Task details:
Please return the data word for word and leave out any picture it contains.

Extracted data entries
((

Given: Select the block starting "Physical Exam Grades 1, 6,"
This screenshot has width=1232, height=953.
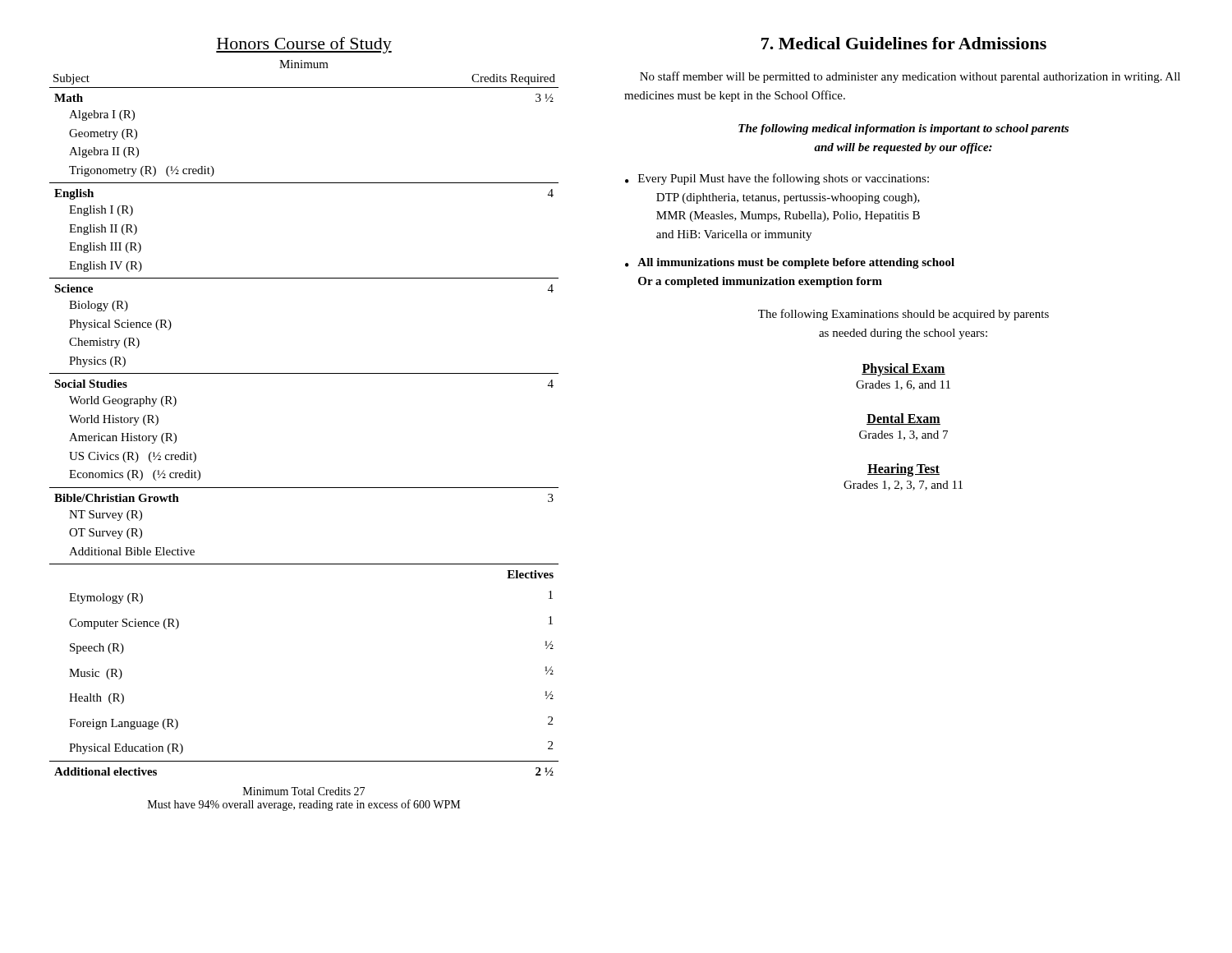Looking at the screenshot, I should 903,377.
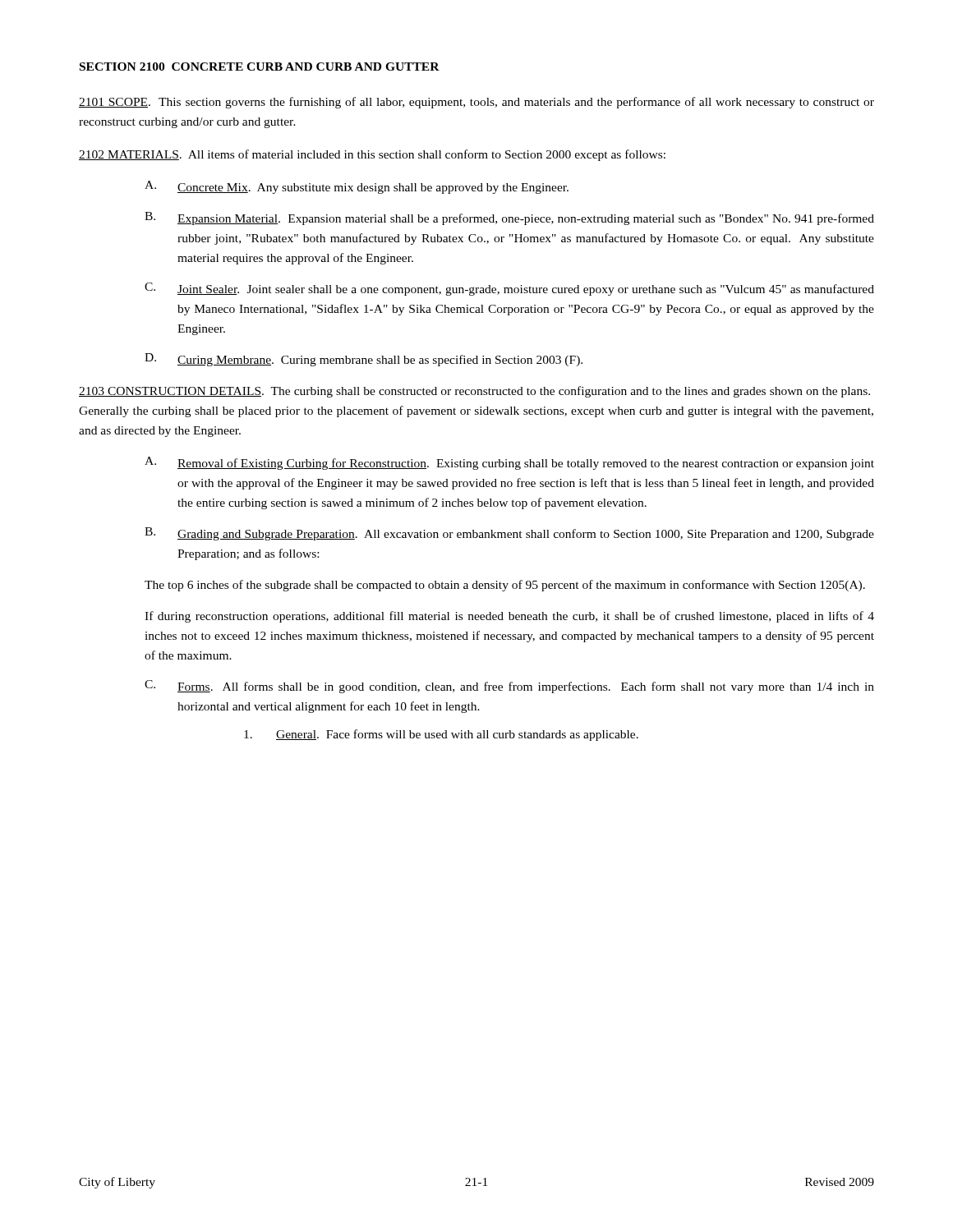Where is the section header that starts "SECTION 2100 CONCRETE CURB"?

tap(259, 66)

))

Task answer:
Given: Select the block starting "Physical Exam Grades 1, 6,"
This screenshot has width=1232, height=953.
Looking at the screenshot, I should 903,377.
Where is the section header that starts "SECTION 2100 CONCRETE CURB"?

tap(259, 66)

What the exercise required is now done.